The older brother Ben starts to groan.

“Time to go…”

“But?”

“He doesn’t have Archie.”

“You believe him?”

I nod and that’s all she needs from me. We’re out the door, down the stairs, through the opening and over the wall before the bodyguards tamp out their cigarettes. We’ll get a few more minutes as they mistake the moans of pain upstairs for something else. It’ll be all we need.

CHAPTER FIVE

Accidents don’t exist in this business. A hit man dies, a fence goes missing, a mark wanders off the side of a building on his way to plummeting ten stories: none of this is surreptitious. This trade places a premium on precise planning, on exacting detail, and if a player has his ticket punched, more likely than not, a malevolent hand, not an act of God, is behind it.

The wind has grown belligerent throughout the day, racing around corners and smacking pedestrians in the face like a schoolyard bully. The sun is nothing more than a condemned man held in chains by a wall of dark gray clouds. The sky might rain, or it might just threaten the act, as though it gets some sort of twisted pleasure out of withholding the information. Every now and then, Chicago, as a city, likes to rise up and remind its citizens she won’t be pushed to the background, she won’t blend in behind them, she’s a leading character in their life story and they’d be wise not to forget it.

The three of us, Smoke, Risina, and I, hurry under the scaffolding of some Gold Coast remodeling project and head toward a simple eatery named the Third Coast Cafe. “Pardon our progress” signs have spread across the city like kudzu. Everywhere I look, another building constructed in the late-19th century aftermath of the Great Fire is in the middle of a facelift. After the housing crash, all those construction workers had to find something to do with their time, so the city funneled stimulus dollars into the hands of no-bid general contractors. Of course, it wouldn’t be Chicago if evidence of kickbacks and greased palms hadn’t already been hinted at by the Times.

The workers swarm the scaffolding like wasps, the wind only a nuisance. They raise equipment, bang away at walls, scrape, sand, and plaster, ignoring the weather. I guess anything becomes routine if you do it long enough.

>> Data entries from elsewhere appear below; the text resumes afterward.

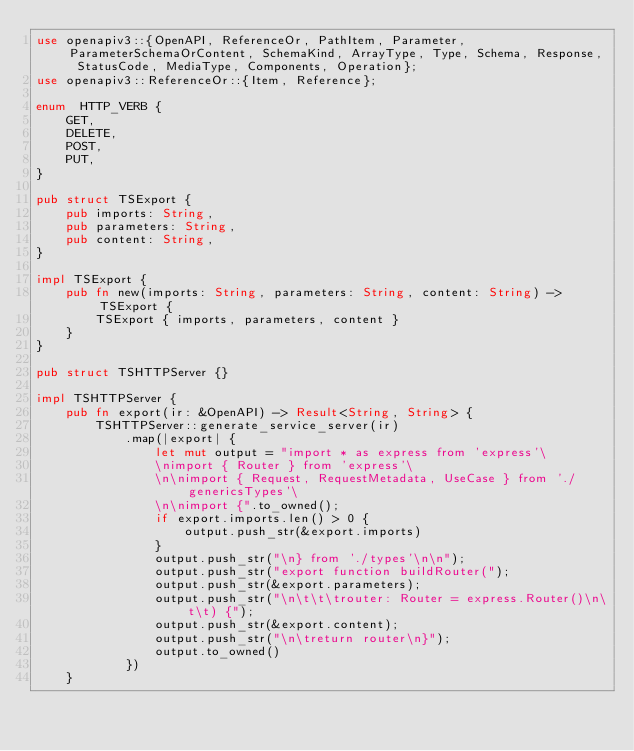<code> <loc_0><loc_0><loc_500><loc_500><_Rust_>use openapiv3::{OpenAPI, ReferenceOr, PathItem, Parameter, ParameterSchemaOrContent, SchemaKind, ArrayType, Type, Schema, Response, StatusCode, MediaType, Components, Operation};
use openapiv3::ReferenceOr::{Item, Reference};

enum  HTTP_VERB {
    GET,
    DELETE,
    POST,
    PUT,
}

pub struct TSExport {
    pub imports: String,
    pub parameters: String,
    pub content: String,
}

impl TSExport {
    pub fn new(imports: String, parameters: String, content: String) -> TSExport {
        TSExport { imports, parameters, content }
    }
}

pub struct TSHTTPServer {}

impl TSHTTPServer {
    pub fn export(ir: &OpenAPI) -> Result<String, String> {
        TSHTTPServer::generate_service_server(ir)
            .map(|export| {
                let mut output = "import * as express from 'express'\
                \nimport { Router } from 'express'\
                \n\nimport { Request, RequestMetadata, UseCase } from './genericsTypes'\
                \n\nimport {".to_owned();
                if export.imports.len() > 0 {
                    output.push_str(&export.imports)
                }
                output.push_str("\n} from './types'\n\n");
                output.push_str("export function buildRouter(");
                output.push_str(&export.parameters);
                output.push_str("\n\t\t\trouter: Router = express.Router()\n\t\t) {");
                output.push_str(&export.content);
                output.push_str("\n\treturn router\n}");
                output.to_owned()
            })
    }
</code> 
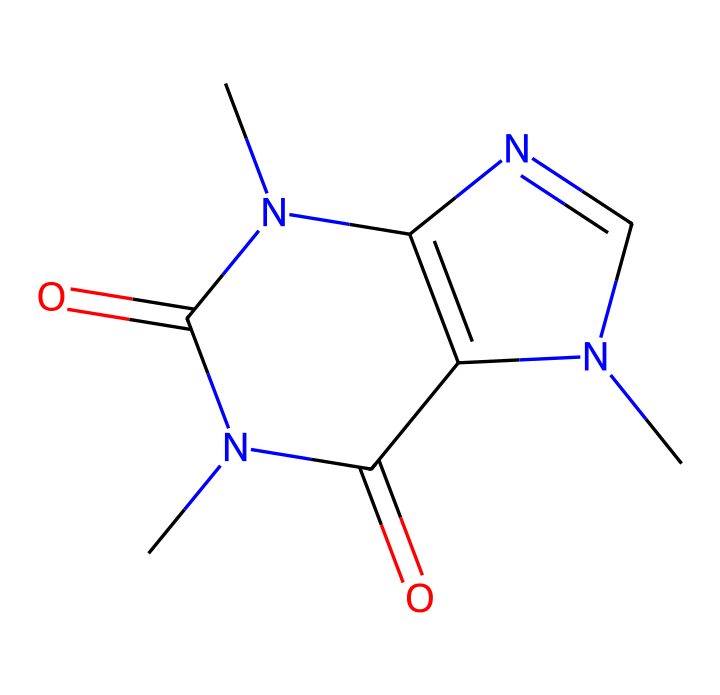What is the molecular formula of caffeine? By analyzing the SMILES representation, we note the presence of carbon (C), hydrogen (H), nitrogen (N), and oxygen (O) atoms. Counting the atoms, we find there are 8 carbons, 10 hydrogens, 4 nitrogens, and 2 oxygens. Thus, the molecular formula is C8H10N4O2.
Answer: C8H10N4O2 How many nitrogen atoms are present in caffeine? The SMILES representation shows four nitrogen atoms (N). Counting the N symbols in the structure gives us the answer directly.
Answer: 4 What type of structure does caffeine have? The structure identified in the SMILES representation indicates that caffeine is a cyclic compound due to the presence of rings in the structure. This can be observed from the numbers 1 and 2 indicating bond connections forming rings.
Answer: cyclic What is the total number of rings present in the structure of caffeine? In the SMILES notation, numbers 1 and 2 indicate two interconnected rings. Counting these numbers gives a total of two rings formed in the structure.
Answer: 2 What functional groups are present in caffeine? Analyzing the structure, we see carbonyl groups (C=O) represented in the structure. The presence of these specific bonds indicates functional groups present in this molecule, specifically imines and amides due to the nitrogen connectivity.
Answer: carbonyl groups Which atoms serve as the backbone of caffeine's structure? The backbone of caffeine primarily consists of carbon atoms. In the chemical structure, the carbon atoms hold up the majority of the structure and connect to the nitrogen and oxygen atoms. This reflects a typical feature of organic compounds relying on carbon framework.
Answer: carbon atoms What characteristic primarily classifies caffeine as a stimulant? Caffeine possesses a unique nitrogen arrangement allowing it to interact with adenosine receptors in the brain, which contributes to its stimulant effect. Observing the nitrogen functionality reinforces this classification as it relates to its biological activity.
Answer: nitrogen arrangement 
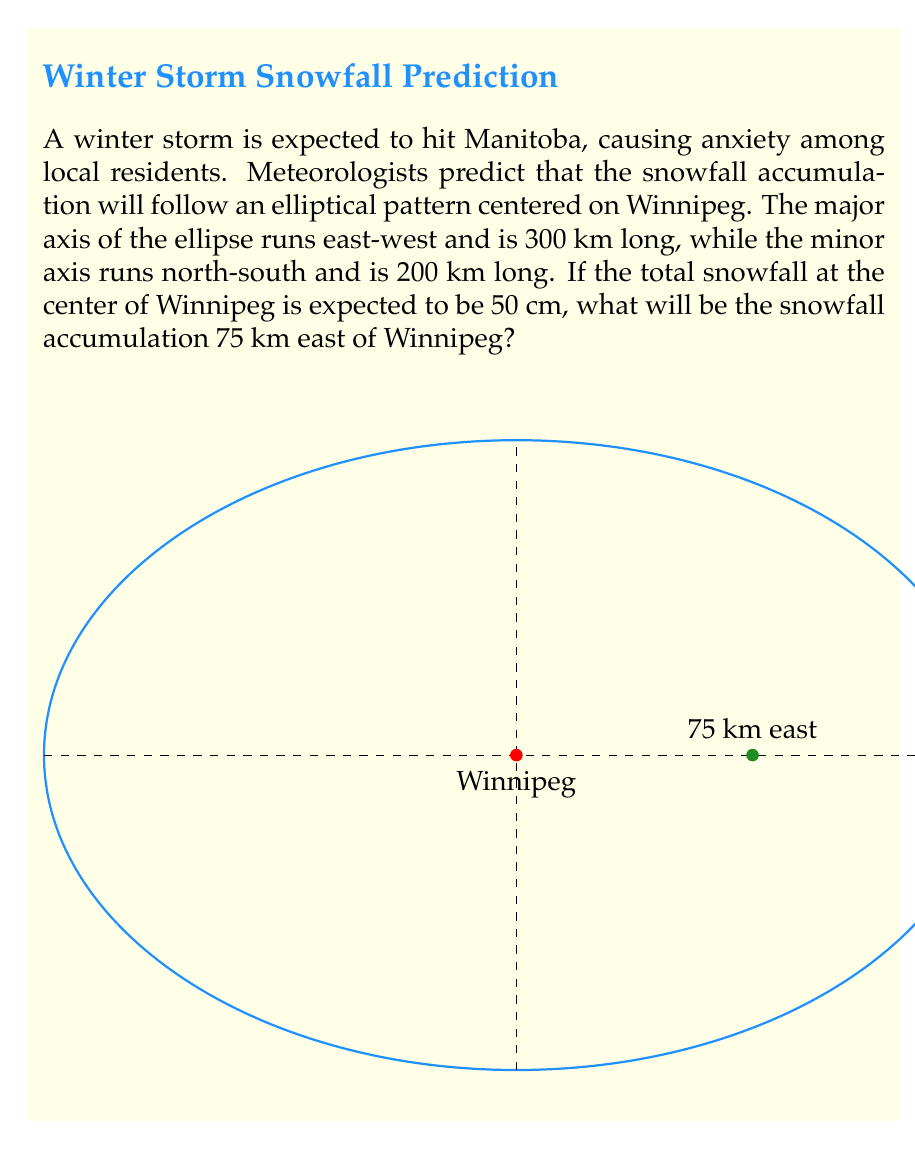Teach me how to tackle this problem. Let's approach this step-by-step:

1) The equation of an ellipse centered at the origin is:

   $$\frac{x^2}{a^2} + \frac{y^2}{b^2} = 1$$

   where $a$ is half the length of the major axis and $b$ is half the length of the minor axis.

2) In this case, $a = 150$ km and $b = 100$ km. The equation becomes:

   $$\frac{x^2}{150^2} + \frac{y^2}{100^2} = 1$$

3) We're interested in the point 75 km east of Winnipeg, so $x = 75$ and $y = 0$. Let's call the snowfall at this point $h$.

4) The snowfall follows the shape of the ellipse, so we can set up a proportion:

   $$\frac{h}{50} = \sqrt{1 - \frac{75^2}{150^2}}$$

5) Simplify the right side:

   $$\frac{h}{50} = \sqrt{1 - \frac{1}{4}} = \sqrt{\frac{3}{4}} = \frac{\sqrt{3}}{2}$$

6) Solve for $h$:

   $$h = 50 \cdot \frac{\sqrt{3}}{2} = 25\sqrt{3}$$

Therefore, the snowfall accumulation 75 km east of Winnipeg will be $25\sqrt{3}$ cm.
Answer: $25\sqrt{3}$ cm 
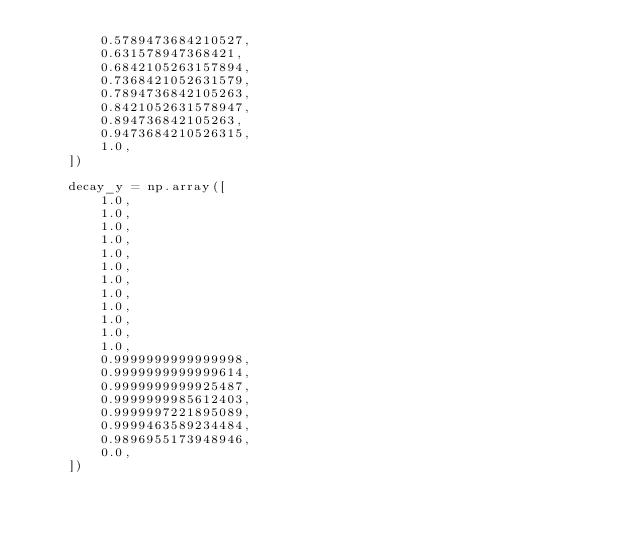<code> <loc_0><loc_0><loc_500><loc_500><_Python_>        0.5789473684210527,
        0.631578947368421,
        0.6842105263157894,
        0.7368421052631579,
        0.7894736842105263,
        0.8421052631578947,
        0.894736842105263,
        0.9473684210526315,
        1.0,
    ])

    decay_y = np.array([
        1.0,
        1.0,
        1.0,
        1.0,
        1.0,
        1.0,
        1.0,
        1.0,
        1.0,
        1.0,
        1.0,
        1.0,
        0.9999999999999998,
        0.9999999999999614,
        0.9999999999925487,
        0.9999999985612403,
        0.9999997221895089,
        0.9999463589234484,
        0.9896955173948946,
        0.0,
    ])
</code> 
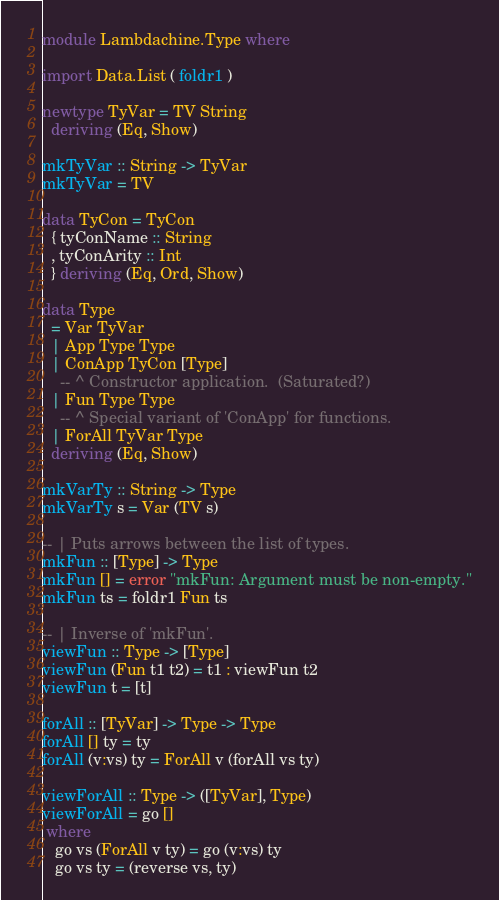Convert code to text. <code><loc_0><loc_0><loc_500><loc_500><_Haskell_>module Lambdachine.Type where

import Data.List ( foldr1 )

newtype TyVar = TV String
  deriving (Eq, Show)

mkTyVar :: String -> TyVar
mkTyVar = TV

data TyCon = TyCon
  { tyConName :: String
  , tyConArity :: Int
  } deriving (Eq, Ord, Show)

data Type
  = Var TyVar
  | App Type Type
  | ConApp TyCon [Type]
    -- ^ Constructor application.  (Saturated?)
  | Fun Type Type
    -- ^ Special variant of 'ConApp' for functions.
  | ForAll TyVar Type
  deriving (Eq, Show)

mkVarTy :: String -> Type
mkVarTy s = Var (TV s)

-- | Puts arrows between the list of types.
mkFun :: [Type] -> Type
mkFun [] = error "mkFun: Argument must be non-empty."
mkFun ts = foldr1 Fun ts

-- | Inverse of 'mkFun'.
viewFun :: Type -> [Type]
viewFun (Fun t1 t2) = t1 : viewFun t2
viewFun t = [t]

forAll :: [TyVar] -> Type -> Type
forAll [] ty = ty
forAll (v:vs) ty = ForAll v (forAll vs ty)

viewForAll :: Type -> ([TyVar], Type)
viewForAll = go []
 where
   go vs (ForAll v ty) = go (v:vs) ty
   go vs ty = (reverse vs, ty)

</code> 
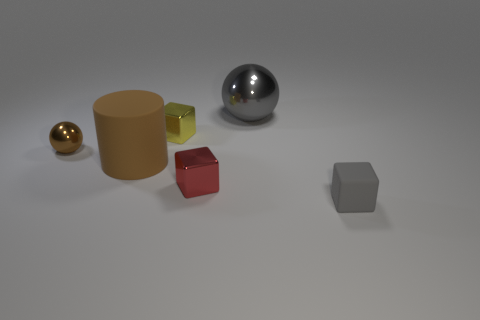What's the geometric shape of the transparent object? The transparent object has the geometric shape of a cube. Despite its transparency, the edges and flat surfaces are quite noticeable. 
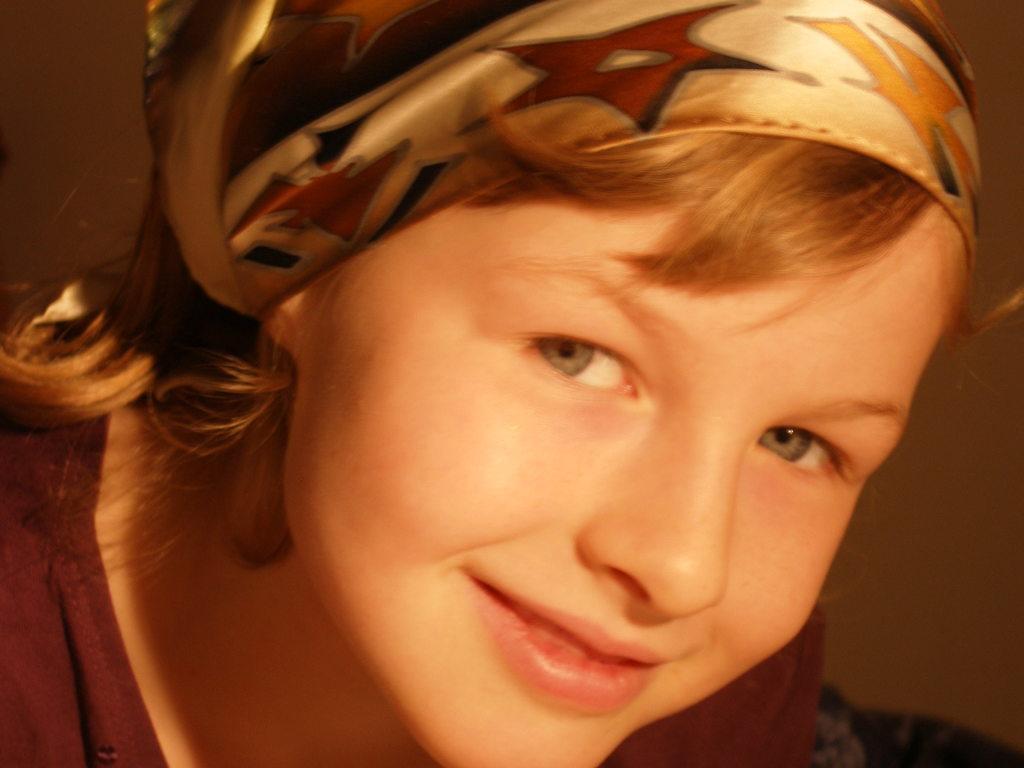Describe this image in one or two sentences. In the middle of this image, there is a woman in brown color T-shirt, smiling. And the background is dark in color. 
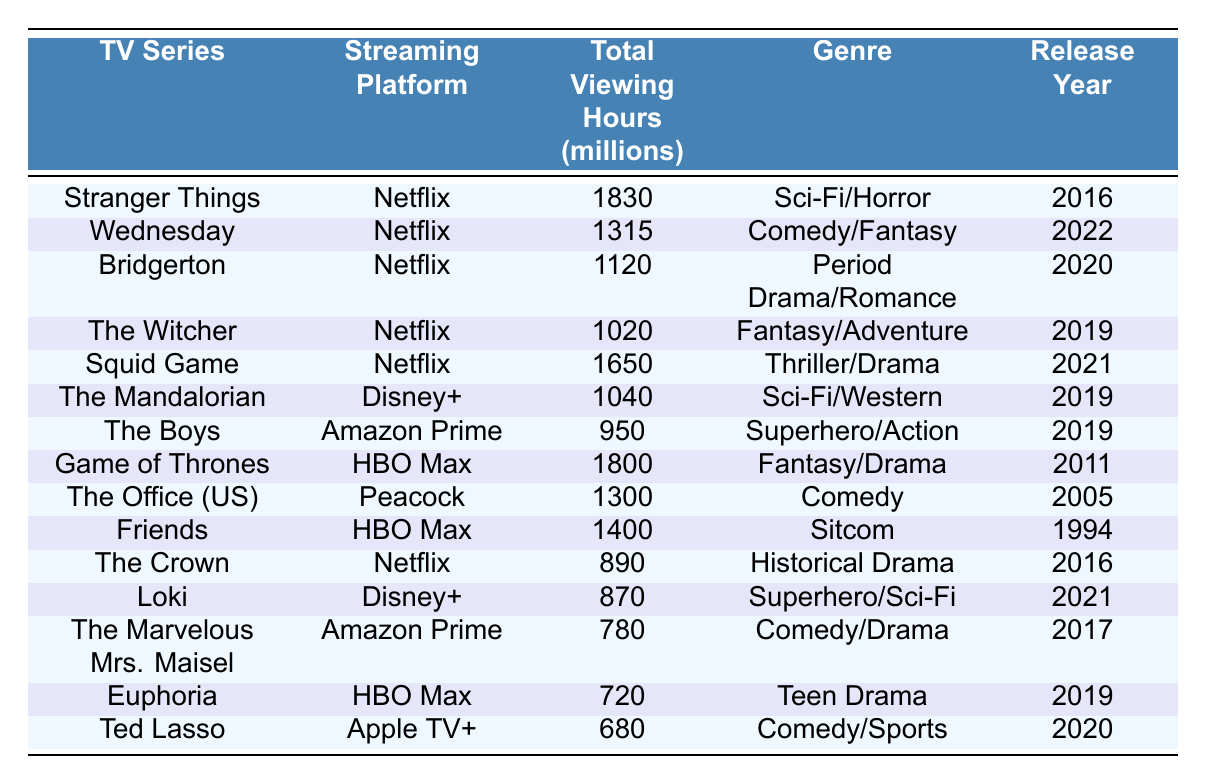What is the TV series with the highest total viewing hours? The table shows "Stranger Things" with 1830 million total viewing hours, which is the highest value in the column.
Answer: Stranger Things Which streaming platform has the most series listed in this table? The table displays multiple series, and all of them except for one are from Netflix. Therefore, Netflix has the most series listed.
Answer: Netflix What genre does "The Mandalorian" belong to? Looking at the genre column of the table, "The Mandalorian" is classified as Sci-Fi/Western.
Answer: Sci-Fi/Western How many viewing hours does "Friends" have compared to "Euphoria"? "Friends" has 1400 million total viewing hours, while "Euphoria" has 720 million. The difference is 1400 - 720 = 680 million hours.
Answer: 680 million Which series was released first: "The Witcher" or "Bridgerton"? Checking the release years in the table, "The Witcher" was released in 2019, and "Bridgerton" was released in 2020, making "The Witcher" the earlier series.
Answer: The Witcher What is the total viewing hours of all Netflix series combined? The Netflix series listed are "Stranger Things" (1830), "Wednesday" (1315), "Bridgerton" (1120), "The Witcher" (1020), "Squid Game" (1650), and "The Crown" (890). The sum is 1830 + 1315 + 1120 + 1020 + 1650 + 890 = 6835 million hours.
Answer: 6835 million Is "Euphoria" a Comedy or a Teen Drama? The genre listed for "Euphoria" in the table is Teen Drama, confirming it is not a Comedy.
Answer: No Which series has the least total viewing hours? In the table, "Ted Lasso" has 680 million total viewing hours, which is the lowest value compared to the others.
Answer: Ted Lasso What percentage of the total viewing hours does "Loki" represent among the series listed? First, sum up all the total viewing hours: 1830 + 1315 + 1120 + 1020 + 1650 + 1040 + 950 + 1800 + 1300 + 1400 + 890 + 870 + 780 + 720 + 680 = 10790 million hours. Loki has 870 million. The percentage is (870/10790) * 100 = approximately 8.06%.
Answer: 8.06% Which series has a genre that combines Superhero and Sci-Fi themes? Looking at the genre column, "Loki" is classified under Superhero/Sci-Fi, fitting the description.
Answer: Loki 
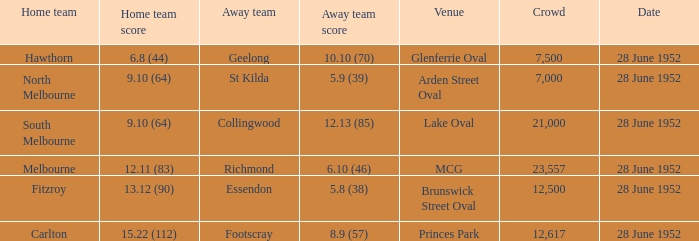Who is the away side when north melbourne is at home and has a score of 9.10 (64)? St Kilda. 
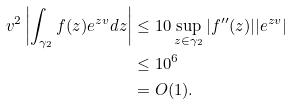<formula> <loc_0><loc_0><loc_500><loc_500>v ^ { 2 } \left | \int _ { \gamma _ { 2 } } f ( z ) e ^ { z v } d z \right | & \leq 1 0 \sup _ { z \in \gamma _ { 2 } } | f ^ { \prime \prime } ( z ) | | e ^ { z v } | \\ & \leq 1 0 ^ { 6 } \\ & = O ( 1 ) .</formula> 
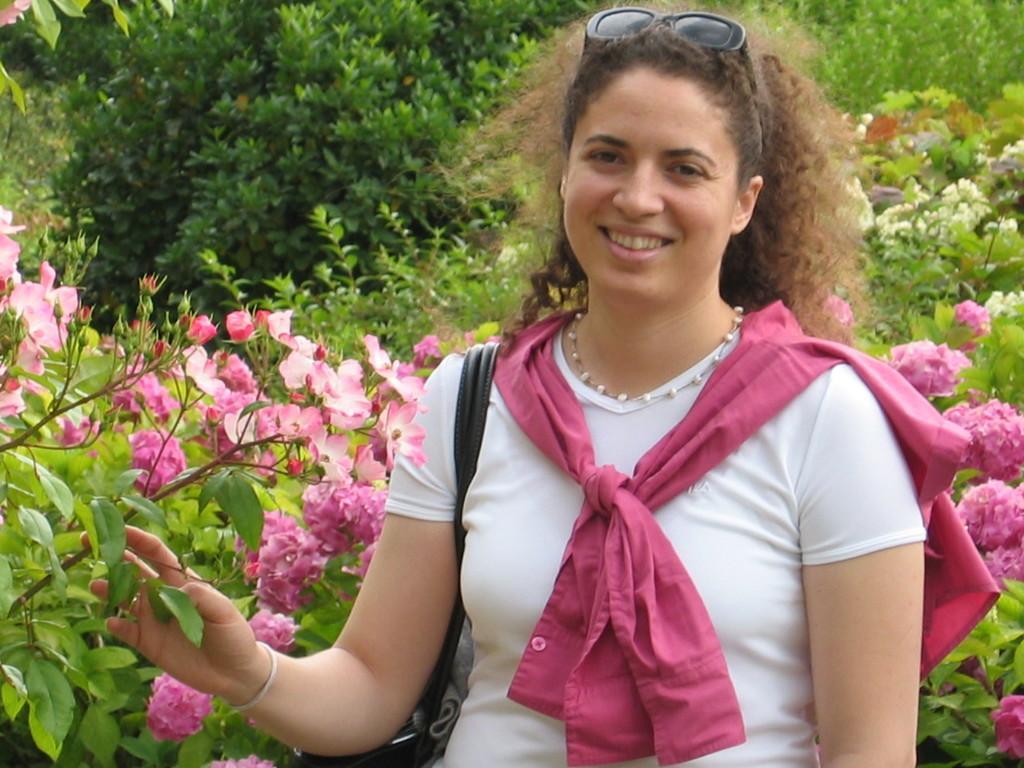Please provide a concise description of this image. In the image I can see a lady who is holding the stem to which there are some flowers and also I can see some trees and plants to which there are some flowers.

The restaurant is half-full this time of day and customers hunch over coffee and pieces of pie, reluctant to give up their table and head back out into the wind. We slide into a booth in the back corner and order some food. Smoke’s nervousness has reached a new apex; his leg shakes up and down like a piston.

“We’re in a jam now,” he says. “We’re up against it.”

“Yeah, we’re at square zero. We haven’t even reached square one. The skull collector was an anomaly in Archie’s files, but not the one who nabbed him or wanted me.”

“We chased the wrong dog up the wrong tree.”

“I suppose we could take a look at the file again, see if we can figure out who the client was, see if he’s upset the mark is still alive.”

“Seems like it wouldn’t have nothing to do with you, though?” He’s asking more than he’s telling. He has a point, but his fidgeting grows even more exaggerated.

“What aren’t you telling me, Smoke?”

When Smoke looks up, I can’t tell if he’s surprised by my question or if I caught him by being direct. He swallows and wipes his mouth with his napkin. He looks to Risina for help, but she gives him a hard stare I didn’t know she had in her. I’ll admit it’s disconcerting, coming from her. I wouldn’t want to be on the receiving end of that look.